Au nord, se dresse le pays de Borëa dans les hauts plateaux de l'hiver éternel qui s'élèvent vers la Contrée Oubliée, le Royaume Abandonné des plus grandes, des plus majestueuses, des plus anciennes cités naines, aujourd'hui détruites et abandonnées. De sombres légendes, à son sujet, ont traversé les frontières, mais encore aujourd'hui on dit que les spectres des anciens seigneurs nains seraient devenus des Liches alliées au Sombre Seigneur, maître de Maarken, le Royaume Ténébreux de l'est, siège de la mort et de la terreur, puis vers l'ouest, jusqu'aux forêts tropicales des Terres Infantiles dont les ruines antiques, rappelant celles de nos mayas, abritent des créatures sauvages qu'il vaut mieux ne jamais croiser.

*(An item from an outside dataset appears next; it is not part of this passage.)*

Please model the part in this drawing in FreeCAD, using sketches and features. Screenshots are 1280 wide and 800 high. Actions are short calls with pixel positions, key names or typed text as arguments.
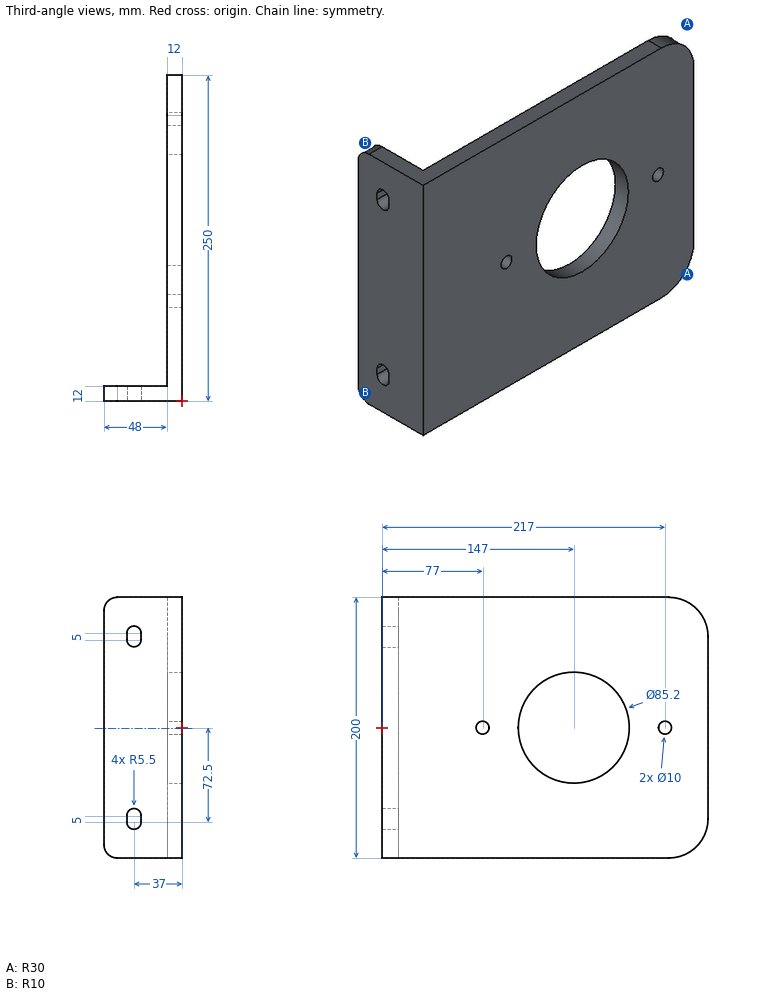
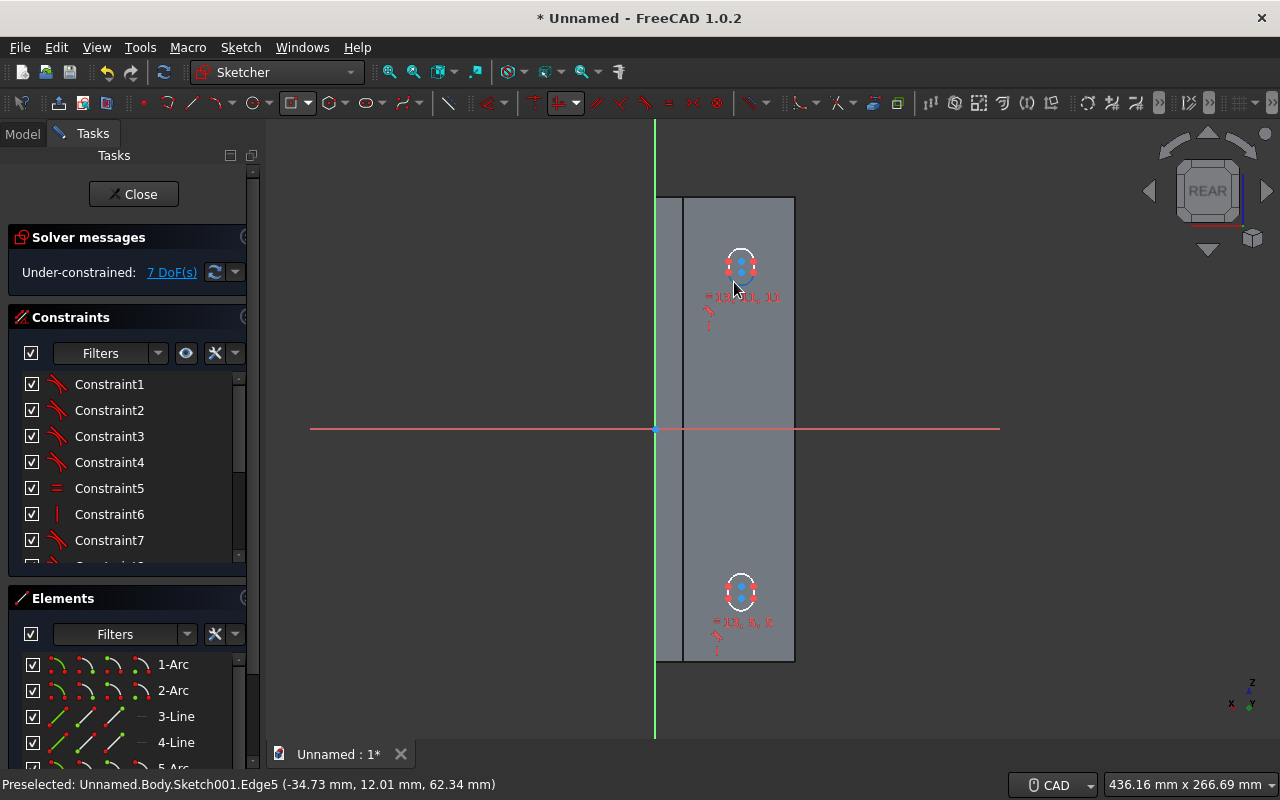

Puis viennent les régions côtières et les ports d'Eucalidria. Réputée pour la pêche et son commerce fleurissant, il est reconnu, depuis longtemps, comme le pays le plus riche de Calendrice mais aussi l'un de plus puissant grâce au pouvoir des mages qui s'y sont établis.
En s'enfonçant dans les terres, on devient vite la proie de L'Icarie, le royaume du sable et des Chamans, et dont le plus grand désert au monde garde à jamais les fous qui s'y aventurent.

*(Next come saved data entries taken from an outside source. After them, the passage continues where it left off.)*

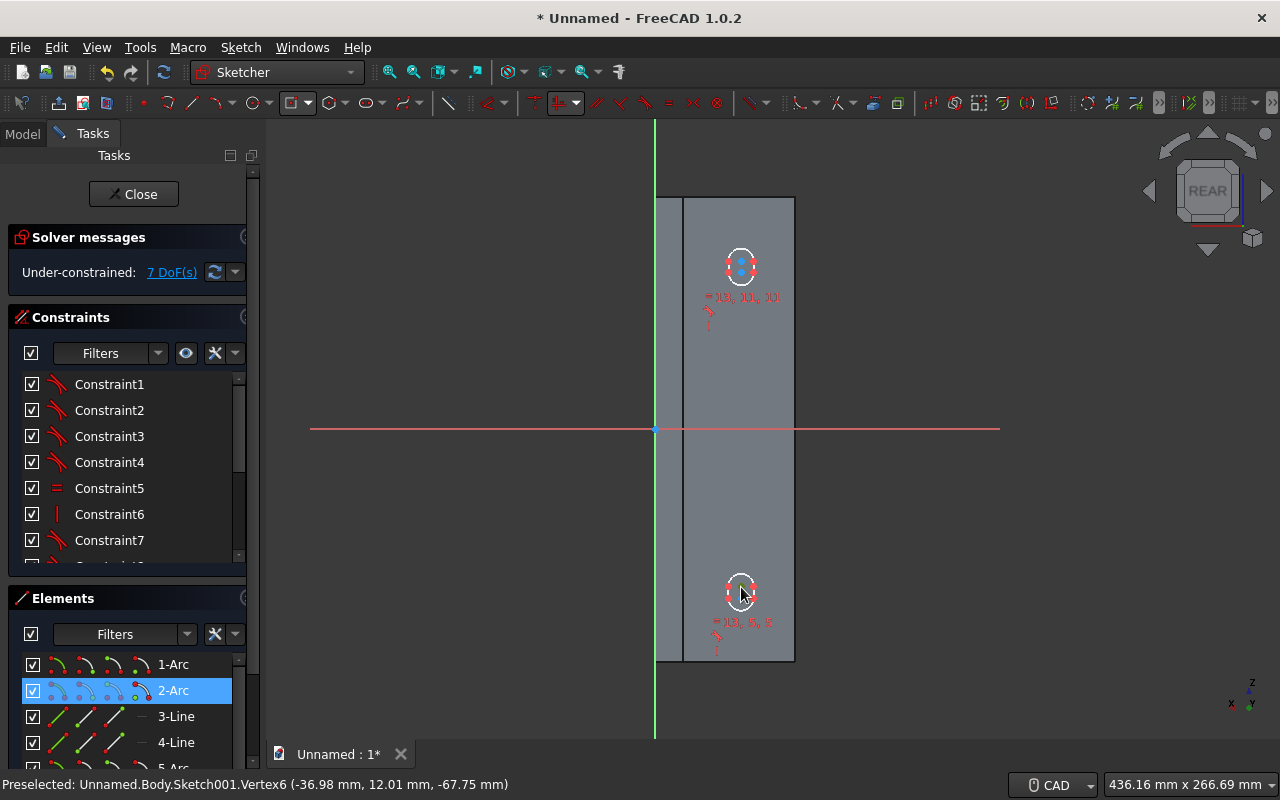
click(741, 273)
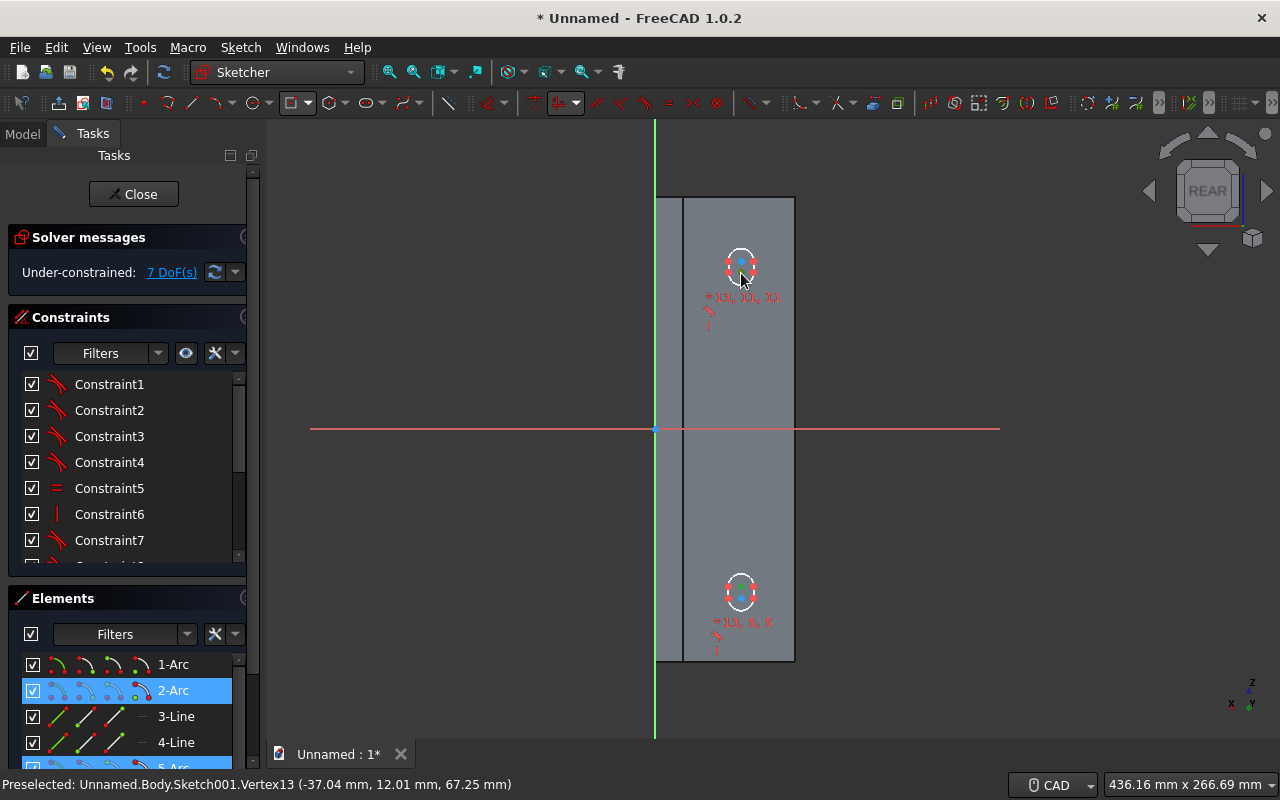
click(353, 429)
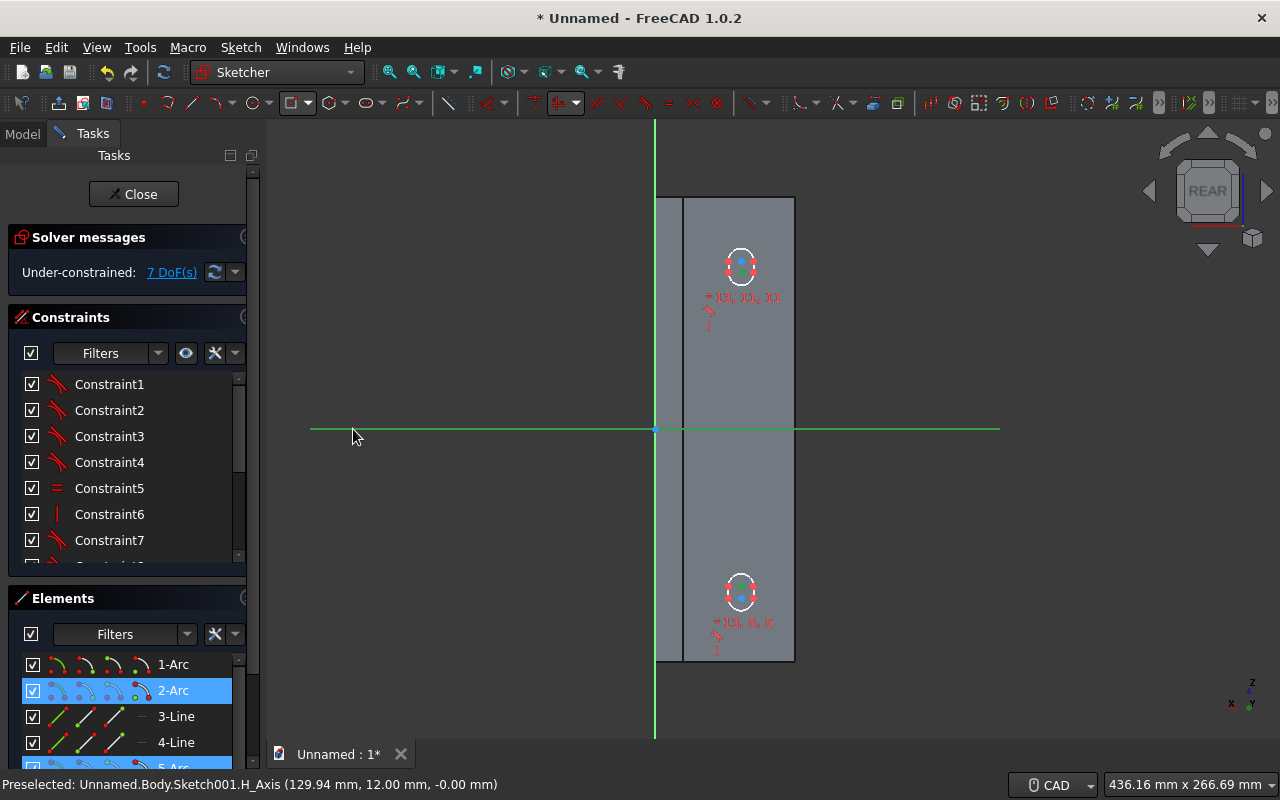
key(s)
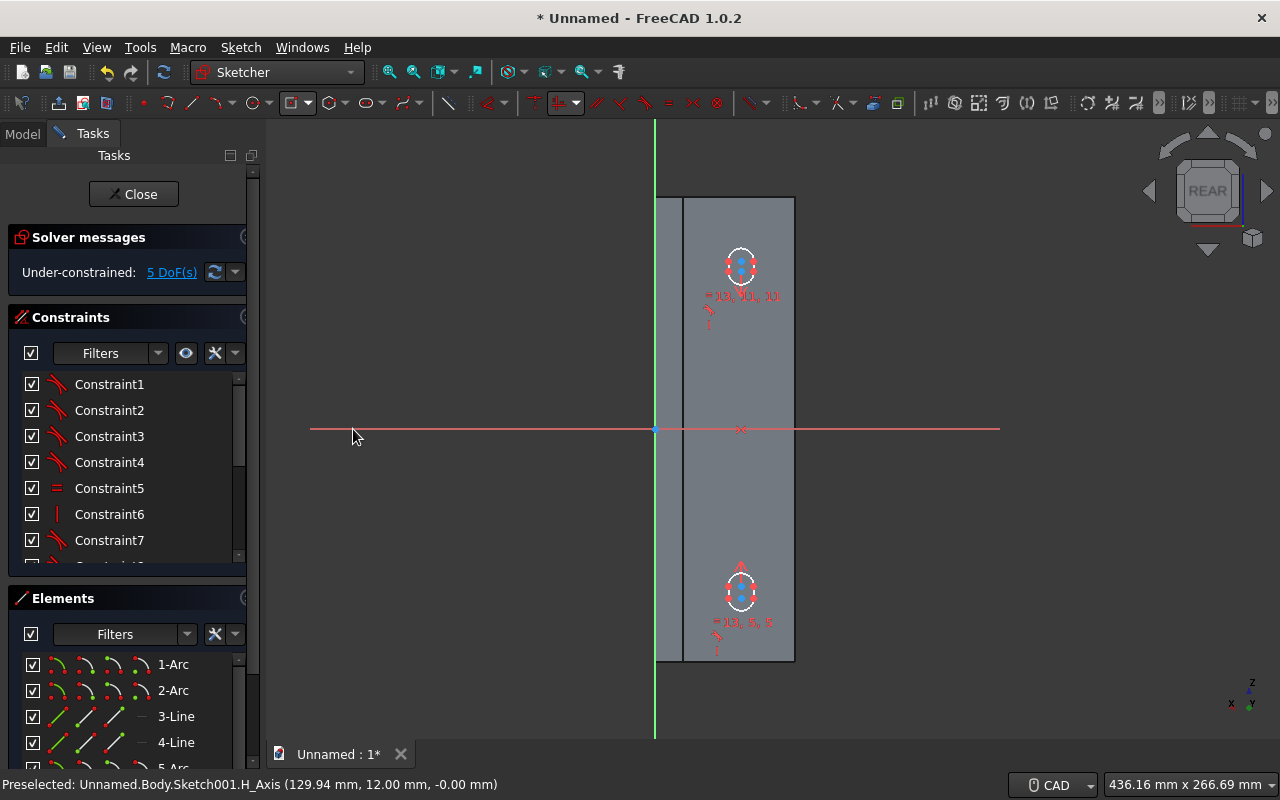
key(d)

Les rumeurs couraient depuis un temps. Les tambours sonnaient au fond des sous-bois de Cair Bansith. Le Feu-de-Givre commençait à prendre la couleur du sang, de la poussière et du désespoir. On le sentait dans l'air, on le buvait dans l'eau, on le goûtait dans le pain: la Porte s'était réouverte, et tout le mal qui s'était exilé en Maarken approchait, son sourire hideux déchiré de dents acérées et des hurlements de souffrances comme masque.

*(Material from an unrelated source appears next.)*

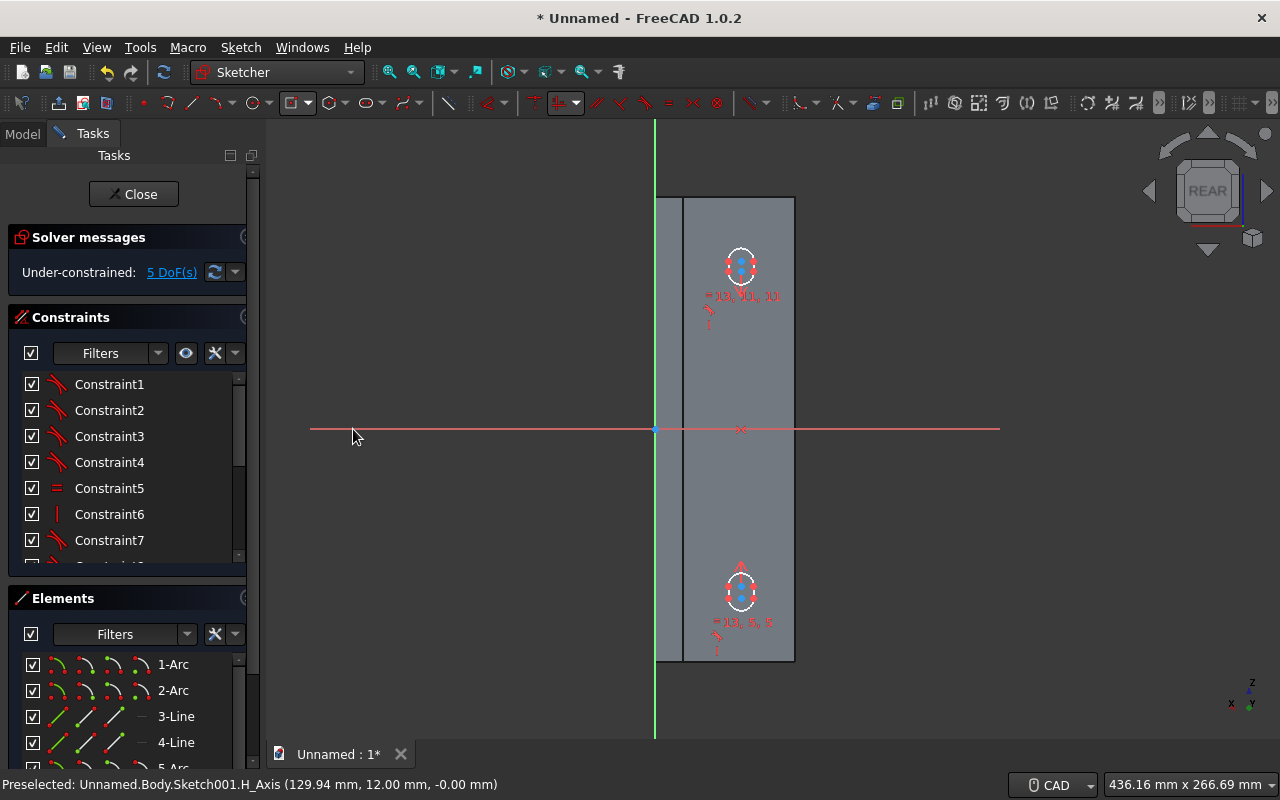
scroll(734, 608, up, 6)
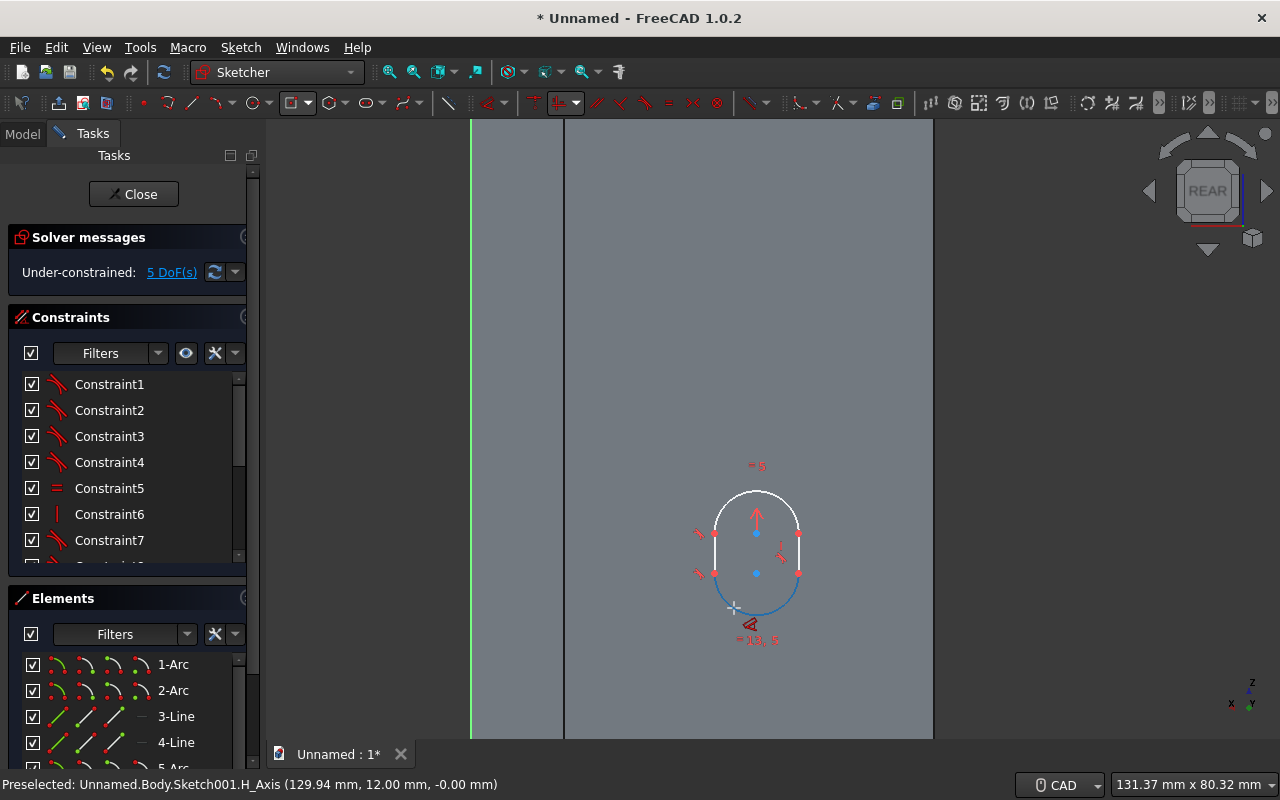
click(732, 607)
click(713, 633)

[center]J'ai échoué cher frère. Malgré toutes les restrictions que j'ai utilisées, je n'ai pas réussi. Le nouveau Sombre Seigneur pourra ainsi se créer. J'ai laissé passer Tom Sylverön et Haryana D'Annyan. Il ne me reste qu'une initiative, préparer le peuple. Si leur enfant est un garçon, la Prophétie Ténébreuse s'activera, mais s'ils ont une fille, nous aurons peut-être une chance. L'héritière de ma maison, Laelyan Bansith, doit absolument avoir un gardien dévoué à partir de ses huit ans. J'ai déjà choisi l'élu, un jeune gardien apprenant à maîtriser l'art ancestral des dryades. Malgré tout, je tremble aux possibilités qui s'annoncent. Espérons que Gwynn la Fin saura nous épargner...
Amaryllis
***
Tom avançait péniblement dans les Grottes de feu. La poussière recouvrait ses membres, et la sueur plaquait ses vêtements et ses cheveux péniblement. Le jeune garçon s'était inconsciemment entraîné dans une quête qui s'avérait être mortelle : ses deux amis étaient mort, l'un avalé par un ravin de lave et l'autre dévoré par une goule. Il ne restait plus que lui, Haryana, sa bien-aimée, ainsi que la chère Rhonwynn, une simple gouvernante ayant risqué sa vie pour prendre soin du futur enfant du couple. Sauf que cette aventure n'annonçait rien de bon.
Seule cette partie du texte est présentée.